The collective decline in the performance of industry enterprises reflects the deep reshuffle that the industry is experiencing and will continue for a period of time.

“Under the strong driving force of terminal demand and the continuous release of new production capacity, each link in the photovoltaic main industry chain has achieved a significant increase in production.” Tongwei Shares recently stated that with the intensification of industry chain competition and the rapid decline in prices, the trend of survival of the fittest is obvious. For example, some enterprises are the first to experience operating losses, and the survival space of small and medium-sized enterprises will be further compressed.

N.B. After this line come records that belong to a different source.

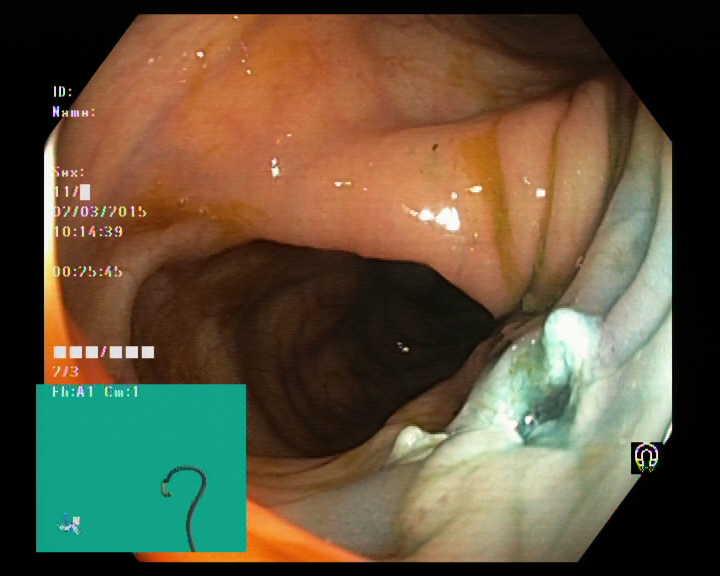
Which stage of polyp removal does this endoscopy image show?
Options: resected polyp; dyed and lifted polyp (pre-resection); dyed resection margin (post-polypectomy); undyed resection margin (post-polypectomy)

dyed resection margin (post-polypectomy)
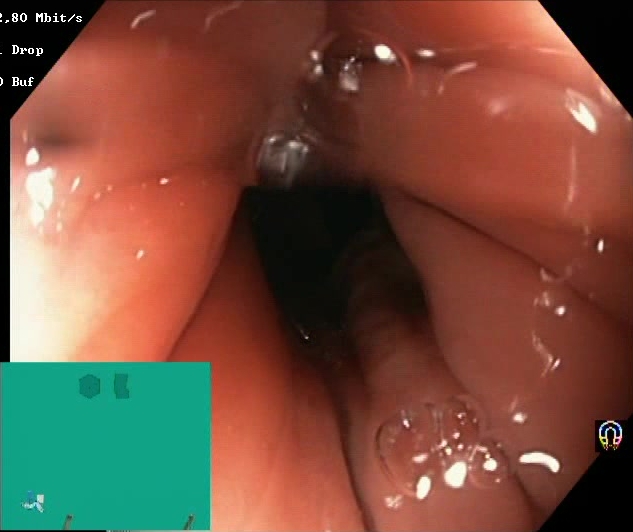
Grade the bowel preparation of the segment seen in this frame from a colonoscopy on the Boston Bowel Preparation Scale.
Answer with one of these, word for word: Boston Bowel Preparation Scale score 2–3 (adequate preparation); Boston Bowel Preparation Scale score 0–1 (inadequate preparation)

Boston Bowel Preparation Scale score 2–3 (adequate preparation)
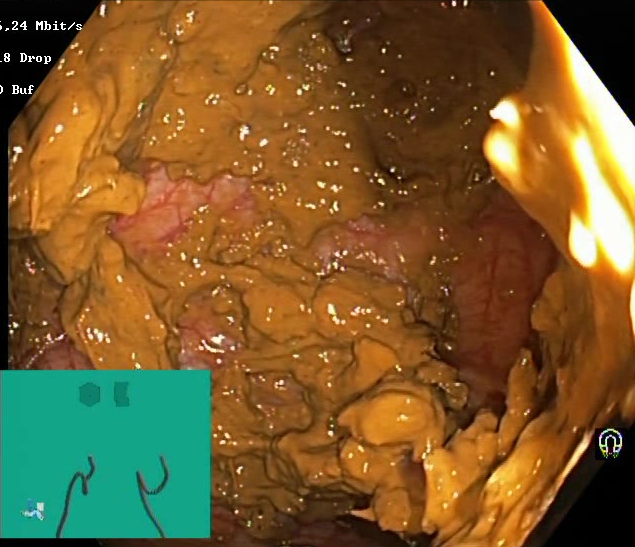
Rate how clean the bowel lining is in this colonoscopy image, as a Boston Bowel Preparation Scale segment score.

Boston Bowel Preparation Scale score 0–1 (inadequate preparation)
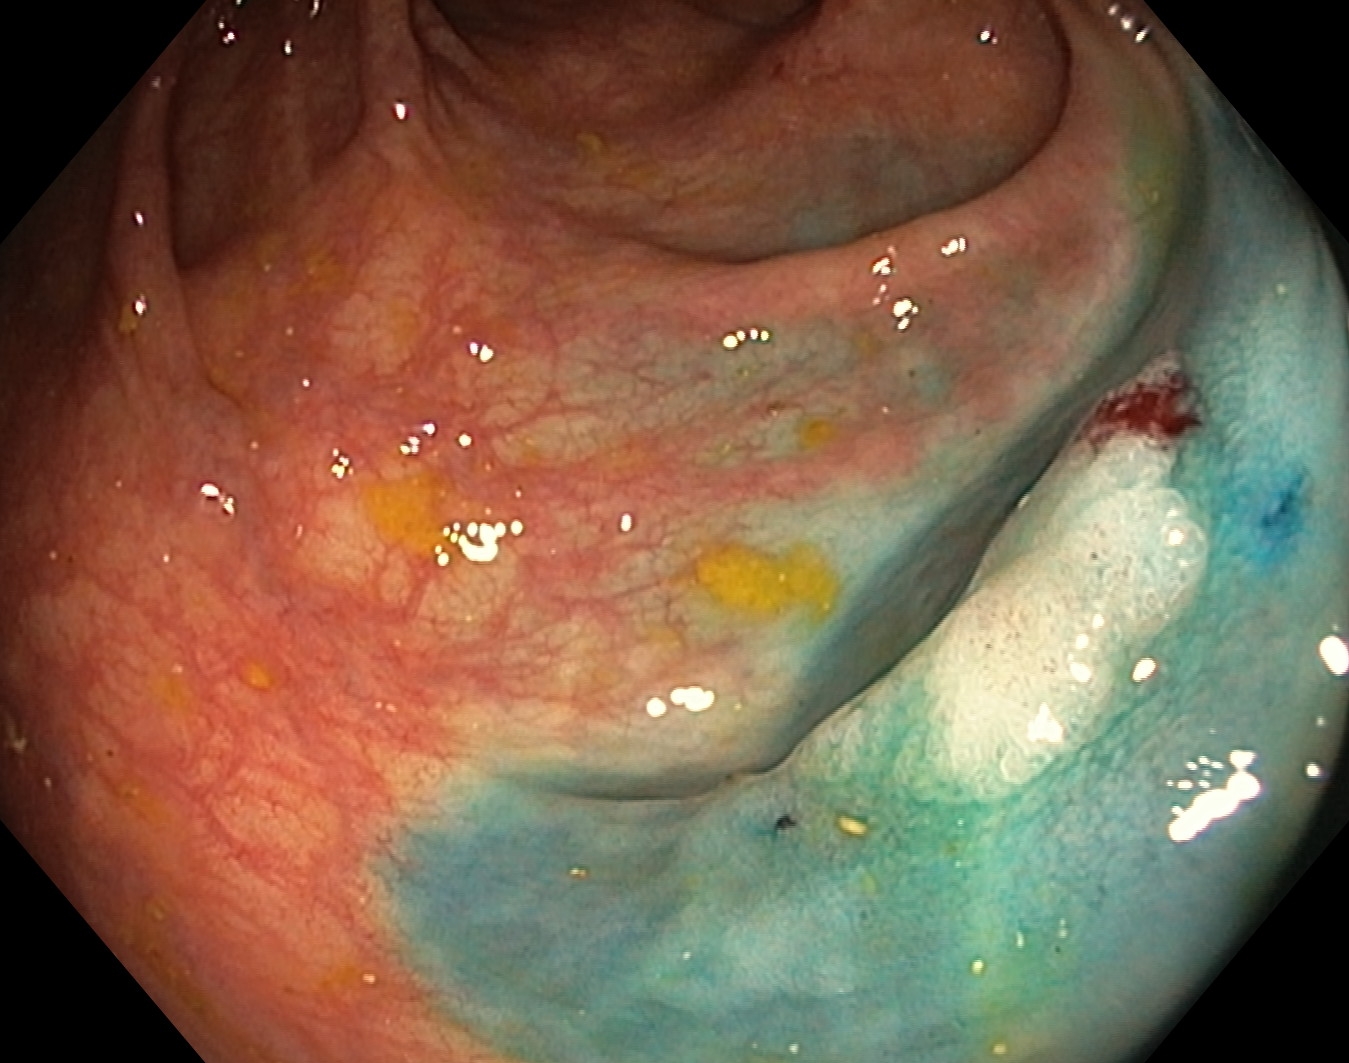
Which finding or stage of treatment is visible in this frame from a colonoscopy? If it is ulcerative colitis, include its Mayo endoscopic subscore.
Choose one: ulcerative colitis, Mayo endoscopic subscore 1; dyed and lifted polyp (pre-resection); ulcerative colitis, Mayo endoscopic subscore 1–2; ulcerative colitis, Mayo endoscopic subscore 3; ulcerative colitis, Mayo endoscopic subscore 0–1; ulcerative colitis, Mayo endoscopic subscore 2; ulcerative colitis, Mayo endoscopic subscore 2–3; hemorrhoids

“The industry will continue to maintain growth this year and will continue to reach a historic high in installed capacity.” Zhong Baoshen said in a recent media interview this year that although the industry is currently in a “cold winter”, the prices in the industry chain have significantly declined, and the price decline will significantly improve the economic efficiency of photovoltaic power generation and stimulate demand.

Zhong Baoshen stated that the growth rate of photovoltaics in the past three years has been very fast. Last year, the new installed capacity in the Chinese market increased by about 150% compared to 2022, accounting for 50% of the global installed capacity. This is an extraordinary achievement in the development of new energy in China. At present, there is overcapacity in the industry, and the market has different views on development expectations. However, overall, in the context of green transformation of the global energy system, the Chinese photovoltaic industry will continue to grow.